> **YOUR TASK**:
How many lines of the data contain the string "pixels"? Write the number and nothing more.

> **DATA LISTING**:
○ ○ ○ ○

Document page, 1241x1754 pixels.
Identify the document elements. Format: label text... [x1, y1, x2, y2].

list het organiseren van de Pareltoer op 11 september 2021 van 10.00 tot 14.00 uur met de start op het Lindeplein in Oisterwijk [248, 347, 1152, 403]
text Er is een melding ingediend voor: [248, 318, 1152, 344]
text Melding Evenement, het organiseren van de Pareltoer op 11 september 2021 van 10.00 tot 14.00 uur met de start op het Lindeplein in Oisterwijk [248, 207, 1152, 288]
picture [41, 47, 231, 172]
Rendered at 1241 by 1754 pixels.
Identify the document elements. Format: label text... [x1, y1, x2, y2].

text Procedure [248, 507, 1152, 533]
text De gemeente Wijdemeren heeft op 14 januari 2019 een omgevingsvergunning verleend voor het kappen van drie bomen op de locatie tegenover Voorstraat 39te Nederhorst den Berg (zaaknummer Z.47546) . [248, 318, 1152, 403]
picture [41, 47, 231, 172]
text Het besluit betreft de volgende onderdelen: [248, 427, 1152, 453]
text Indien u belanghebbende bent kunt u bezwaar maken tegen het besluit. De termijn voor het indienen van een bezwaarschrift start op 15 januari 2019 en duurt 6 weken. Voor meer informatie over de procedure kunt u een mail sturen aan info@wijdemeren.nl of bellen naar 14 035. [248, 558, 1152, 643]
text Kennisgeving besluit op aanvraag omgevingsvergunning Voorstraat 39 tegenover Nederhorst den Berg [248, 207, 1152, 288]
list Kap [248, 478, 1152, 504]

○ ○ ○ ○

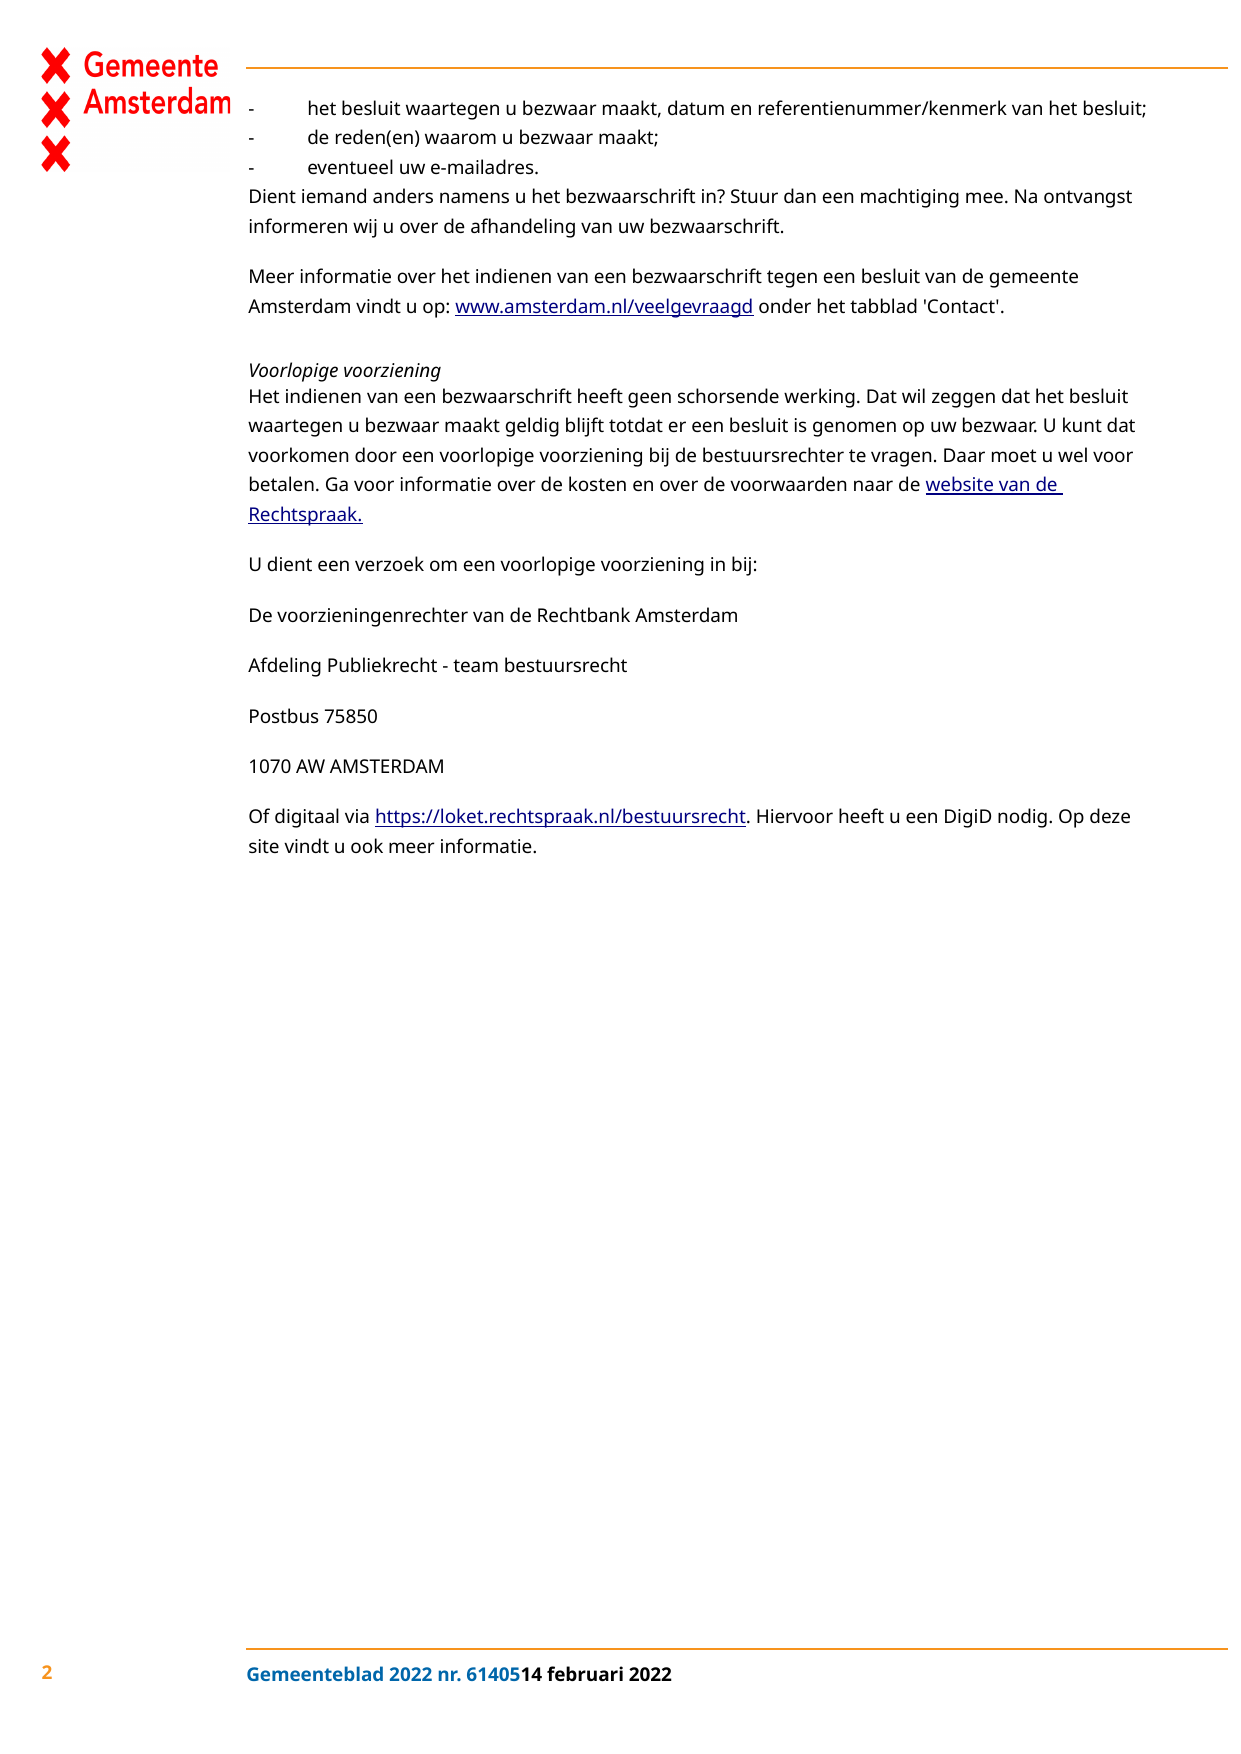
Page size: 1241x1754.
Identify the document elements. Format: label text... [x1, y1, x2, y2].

○ ○ ○ ○

> **EXERCISE OUTPUT**:
2